Day 2 of the 12 Tales of the Holiday Season…Sharon Ledwith

It’s December 14th, Day 2 of the 12 Days, and we’ve got children’s author Sharon Ledwith weighing in on Jolabokaflod…

What on Earth is Jolabokaflod…
by Sharon Ledwith
Blame the Icelanders for this one. Upon hearing about this holiday tradition, as well as being an author, I was excited to write this article. Jolabokaflod literally translates into ‘Christmas Book Flood’. Sign me up for that deluge! It’s the Icelandic tradition celebrated on Christmas Eve to give and receive new books as gifts. There’s also the gifting of chocolate in this celebration, and let’s face it—who doesn’t want to receive books and chocolates for Christmas? *Holds hand up high, waving frantically* So, how did this unique tradition begin? In truth, the true origin of Jolabokaflod is unknown, but there are a few theories floating around in cyber space.
Theory One: It’s believed that this tradition started in the 1930s with a book club called The Reykjavik Library Foundation. Since Icelanders must deal with long dark winters, the Foundation wanted to encourage their people to read more during this time. Hence, Jolabokaflod was established as an annual event to coincide with Christmas Eve, so people could exchange new books to make their winters more bearable.
Theory Two: Jolabokaflod a.k.a. Christmas Book Flood began as a way to promote literacy in Iceland. There was a study done from the 1800s that found only 50% of Icelanders could read. That’s a big chunk out of a relatively small population! So, again to encourage people to learn how to read, the tradition was initiated. Hey, what a better place to bundle up in a cozy blanket by the fire with a cup of hot chocolate or mulled wine, and read a book?
Theory Three: During World War 2, paper was one of the few items in Iceland not rationed. This allowed for the continued publishing of books and printing of newspapers. As a result, Icelanders habitually gave books as gifts for the holiday season.  
In addition to these theories, Iceland has a long history of being well-read. Apparently, this started in 1786, when their first library was established. Since there were no schools, the general population had very few opportunities for education. A library opened the door for Icelanders to become self-taught, and this love of learning has continued on. Today, there are numerous lending libraries, and it’s estimated that a whopping 97% of all Icelandic households have at least one book. Fun fact: Iceland is the first country in the world to be recognized for having achieved ‘full literacy’. Wow. Take it from someone who used to be a tutor at her local literacy chapter, that’s a huge accomplishment!
Today, Jolabokaflod is a beloved tradition in Iceland’s culture. On Christmas Eve, families gather together to exchange new books, and spend the evening reading them. Nothing is off the table when it comes to giving books as gifts, including novels (all genres), non-fiction, cookbooks, children’s books, graphic novels, and even text books. It truly is the perfect way to celebrate the holiday season and connect with loved ones. If you’re looking to bridge this Icelandic tradition in a small way, then why not create a Jolabokaflod gift basket for an avid reader you know? All you have to do is select various books catering to the recipient’s interests, then add some cozy items such as a comfy blanket, chocolate, candles, mugs, and hot chocolate mix. Trust me, it’s the perfect holiday gift for your book-loving buddy.
So, if you’re still searching for a special way to spend the holiday season, why not give this Jolabokaflod tradition a crack or create a gift basket for the reader in your life? Even if you don’t live in Iceland, the winters in the northern hemisphere can get awfully chilly and brutal. And if you happen to live in the southern hemisphere, there’s definitely a beach book with your name on it. Wink. Wherever you live, have a happy and safe holiday season, readers! Cheers!

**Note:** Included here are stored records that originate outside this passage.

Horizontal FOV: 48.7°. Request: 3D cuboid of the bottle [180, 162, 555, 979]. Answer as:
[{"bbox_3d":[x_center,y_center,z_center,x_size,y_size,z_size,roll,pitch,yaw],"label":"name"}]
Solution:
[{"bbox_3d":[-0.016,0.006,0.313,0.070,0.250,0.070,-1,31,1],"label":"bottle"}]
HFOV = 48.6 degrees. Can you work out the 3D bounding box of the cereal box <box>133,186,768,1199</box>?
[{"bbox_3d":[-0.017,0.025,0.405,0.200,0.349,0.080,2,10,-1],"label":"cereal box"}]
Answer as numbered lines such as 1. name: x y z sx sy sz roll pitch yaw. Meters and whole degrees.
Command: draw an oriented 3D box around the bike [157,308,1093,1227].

Sharon Ledwith is the author of the middle-grade/young adult time travel adventure series, THE LAST TIMEKEEPERS, and the award-winning teen psychic mystery series, MYSTERIOUS TALES FROM FAIRY FALLS. When not writing, reading, researching, or revising, she enjoys anything arcane, ancient mysteries, and single malt scotch. Sharon lives a serene, yet busy life in a southern tourist region of Ontario, Canada, with her spoiled hubby, and two shiny red e-bikes.

Learn more about Sharon Ledwith on her WEBSITE and BLOG. Look up her AMAZON AUTHOR page for a list of current books. Stay connected on FACEBOOK, TWITTER, PINTEREST, LINKEDIN, INSTAGRAM, and GOODREADS.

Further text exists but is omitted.